What matters most here (plain words)

validate_action(...) is the governance/control layer: the system accepts only the allowed action contract and rejects extra fields (invalid_action:extra_keys).
Budget + StopRun(...) is a production pattern for controlled shutdown: runs do not drift indefinitely, they stop with a clear reason.
ToolGateway.call(...) is the boundary of agent ≠ executor: the agent only proposes an action, while the actual tool call is done by a controlled system layer.
loop_detected catches exact repeats (same tool + same args). Semantic loop detection is a separate option (see “What to try next”).

`llm.py` — decision step (Think)

LLM sees only the catalog of available tools; if a tool is not in the allowlist, gateway stops the run.

PYTHON

from __future__ import annotations

import json
import os
from typing import Any

from openai import APIConnectionError, APITimeoutError, OpenAI

MODEL = os.getenv("OPENAI_MODEL", "gpt-4.1-mini")
LLM_TIMEOUT_SECONDS = float(os.getenv("OPENAI_TIMEOUT_SECONDS", "60"))


class LLMTimeout(Exception):
    pass

SYSTEM_PROMPT = """
You are a ReAct decision engine.
Return only one JSON object with one of these shapes:
1) {"kind":"tool","name":"<tool_name>","args":{...}}
2) {"kind":"final","answer":"<short final answer>"}

Rules:
- Use tools when you do not have enough facts.
- Do not invent tool outputs.
- Prefer the smallest next step.
- When evidence is sufficient, return "final".
- Never output markdown or extra keys.
""".strip()

TOOL_CATALOG = [
    {
        "name": "get_user_profile",
        "description": "Get user profile by user_id",
        "args": {"user_id": "integer"},
    },
    {
        "name": "get_user_billing",
        "description": "Get billing info by user_id",
        "args": {"user_id": "integer"},
    },
    {
        "name": "search_policy",
        "description": "Search refund and billing policy snippets",
        "args": {"query": "string"},
    },
]


def _get_client() -> OpenAI:
    api_key = os.getenv("OPENAI_API_KEY")
    if not api_key:
        raise EnvironmentError(
            "OPENAI_API_KEY is not set.

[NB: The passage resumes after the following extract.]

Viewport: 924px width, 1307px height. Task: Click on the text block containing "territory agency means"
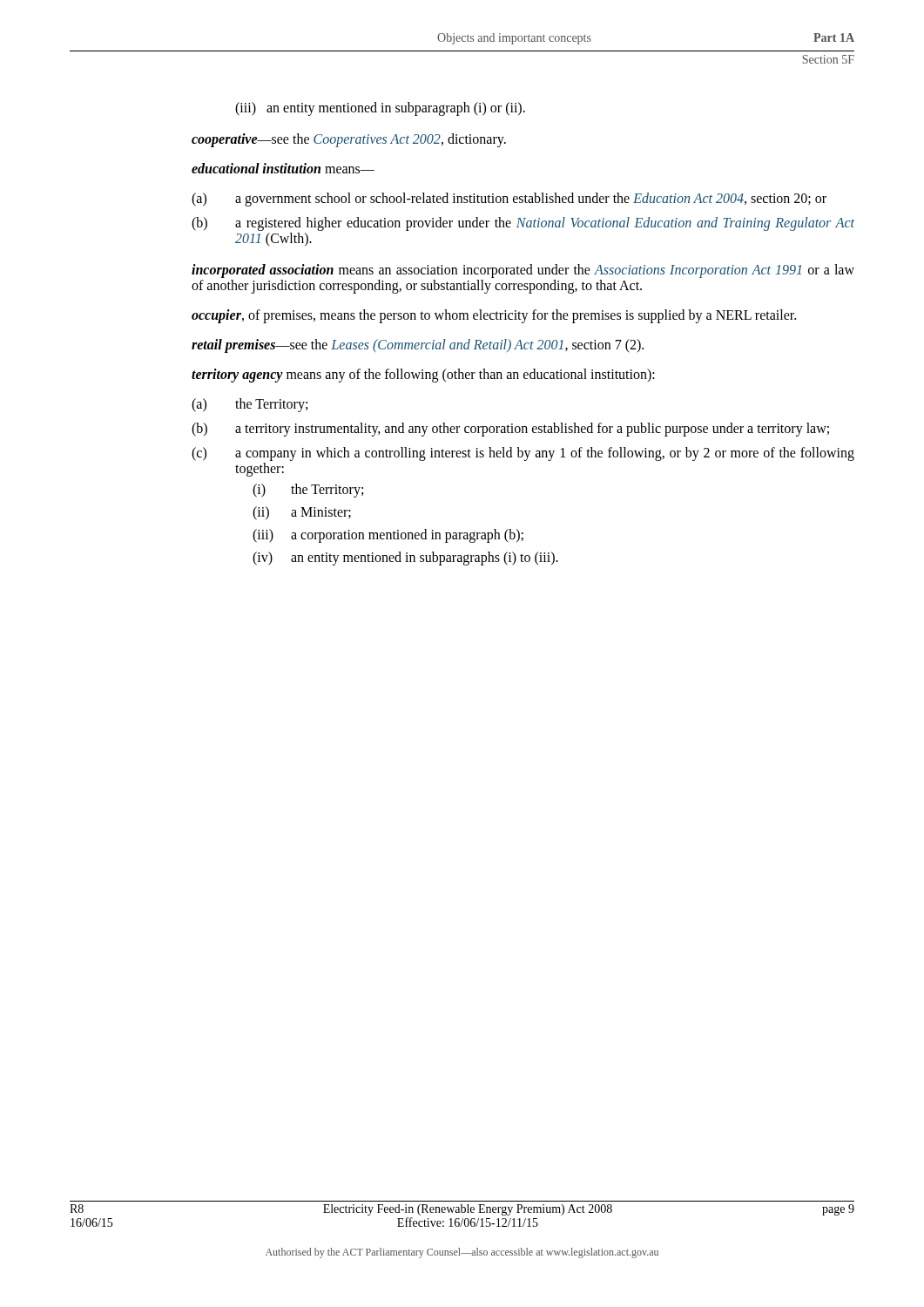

Run: export OPENAI_API_KEY='sk-...'"
        )
    return OpenAI(api_key=api_key)


def _build_state_summary(history: list[dict[str, Any]]) -> dict[str, Any]:
    tools_used = [
        step.get("action", {}).get("name")
        for step in history
        if isinstance(step, dict)
        and isinstance(step.get("action"), dict)
        and step.get("action", {}).get("kind") == "tool"
    ]
    last_observation = history[-1].get("observation") if history else None
    return {
        "steps_completed": len(history),
        "tools_used": tools_used,
        "last_observation": last_observation,
    }


def decide_next_action(goal: str, history: list[dict[str, Any]]) -> dict[str, Any]:
    # Keep full history in memory, but send summary + last N steps
    # so the prompt remains stable as runs get longer.
    recent_history = history[-3:]
    payload = {
        "goal": goal,
        "state_summary": _build_state_summary(history),
        "recent_history": recent_history,
        "available_tools": TOOL_CATALOG,
    }

    client = _get_client()
    try:
        completion = client.chat.completions.create(
            model=MODEL,
            temperature=0,
            timeout=LLM_TIMEOUT_SECONDS,
            response_format={"type": "json_object"},
            messages=[
                {"role": "system", "content": SYSTEM_PROMPT},
                {"role": "user", "content": json.dumps(payload, ensure_ascii=True)},
            ],
        )
    except (APITimeoutError, APIConnectionError) as exc:
        raise LLMTimeout("llm_timeout") from exc

    text = completion.choices[0].message.content or "{}"
    try:
        return json.loads(text)
    except json.JSONDecodeError:
        return {"kind": "invalid", "raw": text}

What matters most here (plain words)

timeout=LLM_TIMEOUT_SECONDS + LLMTimeout is a production pattern: if the model hangs, the run returns explicit llm_timeout.
state_summary + recent_history is a production scaling pattern: context grows in a controlled way, not without limits at each step.
SYSTEM_PROMPT defines only the intent format (tool/final) - LLM decides what to do, but does not execute tools by itself.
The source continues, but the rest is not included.